Dans les deux cas, Capgemini comme Anthropic, le cœur du conflit réside dans la détermination de l’autorité compétente pour fixer les limites d’usage de technologies dites « dual-use », c’est-à-dire susceptibles d’applications civiles comme militaires ou sécuritaires. Dans l’affaire Capgemini, l’entreprise invoque la contrainte des règles étatiques (notamment celles liées aux contrats gouvernementaux, au secret et au régime de sécurité nationale) pour justifier la cession de la filiale suite à la perte de contrôle dans ses chaînes de valeur. À l’inverse, le cas Anthropic met en scène la situation où une entreprise tente d’imposer ses propres standards éthiques à l’État, au risque d’entrer en conflit avec les impératifs stratégiques de ce dernier11. Dans les deux cas, comment une entreprise comme Capgemini ou Anthropic peut-elle anticiper la possible utilisation de ses technologies ou services pour des activités à haut risque et a-t-elle les moyens juridiques de les limiter voire de s’y opposer face à un contractant étatique ?

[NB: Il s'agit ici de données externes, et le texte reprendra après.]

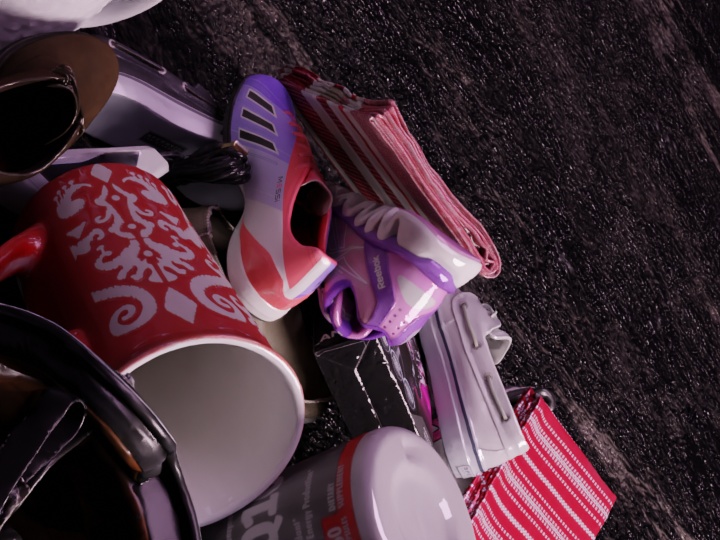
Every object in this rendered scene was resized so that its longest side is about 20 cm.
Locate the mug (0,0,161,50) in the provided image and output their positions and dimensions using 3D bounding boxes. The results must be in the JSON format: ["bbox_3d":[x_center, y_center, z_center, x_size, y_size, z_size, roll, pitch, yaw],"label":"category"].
[{"bbox_3d":[-0.195,-0.203,1.261,0.200,0.175,0.149,24,47,-52],"label":"mug"}]

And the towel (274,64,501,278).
[{"bbox_3d":[0.015,-0.072,1.403,0.144,0.023,0.200,54,-10,-24],"label":"towel"}]

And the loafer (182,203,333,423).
[{"bbox_3d":[-0.073,0.030,1.398,0.200,0.069,0.075,46,32,-32],"label":"loafer"}]

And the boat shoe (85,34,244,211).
[{"bbox_3d":[-0.128,-0.105,1.427,0.199,0.070,0.067,25,47,-41],"label":"boat shoe"}]

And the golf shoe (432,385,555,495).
[{"bbox_3d":[0.088,0.136,1.577,0.073,0.092,0.200,61,28,-9],"label":"golf shoe"}]

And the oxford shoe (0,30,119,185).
[{"bbox_3d":[-0.181,-0.088,1.163,0.200,0.084,0.073,-49,124,-55],"label":"oxford shoe"}]

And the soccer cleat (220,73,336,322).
[{"bbox_3d":[-0.049,-0.060,1.367,0.068,0.073,0.201,35,38,-37],"label":"soccer cleat"}]

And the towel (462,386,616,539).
[{"bbox_3d":[0.119,0.208,1.541,0.145,0.022,0.201,52,57,-33],"label":"towel"}]

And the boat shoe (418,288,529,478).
[{"bbox_3d":[0.081,0.057,1.537,0.074,0.066,0.201,59,17,-67],"label":"boat shoe"}]

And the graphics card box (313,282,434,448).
[{"bbox_3d":[0.008,0.050,1.481,0.200,0.051,0.126,-90,159,-62],"label":"graphics card box"}]

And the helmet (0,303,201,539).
[{"bbox_3d":[-0.177,0.124,0.992,0.191,0.198,0.201,84,-1,-57],"label":"helmet"}]

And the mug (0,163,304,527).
[{"bbox_3d":[-0.136,0.022,1.163,0.178,0.133,0.200,49,6,-41],"label":"mug"}]

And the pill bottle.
[{"bbox_3d":[-0.042,0.175,1.182,0.114,0.199,0.114,41,35,-38],"label":"pill bottle"}]

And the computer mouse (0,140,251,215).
[{"bbox_3d":[-0.164,-0.055,1.302,0.199,0.109,0.044,-8,94,-50],"label":"computer mouse"}]

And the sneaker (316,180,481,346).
[{"bbox_3d":[0.000,0.000,1.366,0.080,0.089,0.200,32,-3,-24],"label":"sneaker"}]

Au-delà de leurs différences apparentes, ces deux controverses témoignent d’une transformation plus profonde de la relation entre puissance publique et entreprises technologiques. Les infrastructures numériques – IA, traitement massif de données, cloud computing – sont devenues des composantes essentielles des politiques régaliennes contemporaines, qu’il s’agisse de sécurité intérieure, de contrôle des frontières ou de défense nationale. Or, contrairement aux infrastructures traditionnelles de souveraineté, ces technologies sont majoritairement développées et contrôlées par des acteurs privés. Il en résulte une situation d’interdépendance nouvelle. Les États dépendent des capacités techniques et de l’innovation des entreprises technologiques pour maintenir leur avantage stratégique, tandis que ces entreprises restent dépendantes de l’accès aux marchés publics, aux cadres réglementaires et, dans certains cas, aux financements publics. Cette relation crée un espace de friction dans lequel se redéfinit la question fondamentale du contrôle politique des technologies. La question de savoir qui peut légitimement déterminer les conditions d’usage de ces technologies – l’État, l’entreprise ou une combinaison des deux – constitue ainsi l’un des enjeux juridiques et politiques majeurs de la gouvernance des grandes entreprises. Un cas d’école pour les entreprises du secteur bancaire et financier lorsque se posera à elles la question du contrôle dans leurs chaînes de valeur à l’aune de leur devoir de vigilance.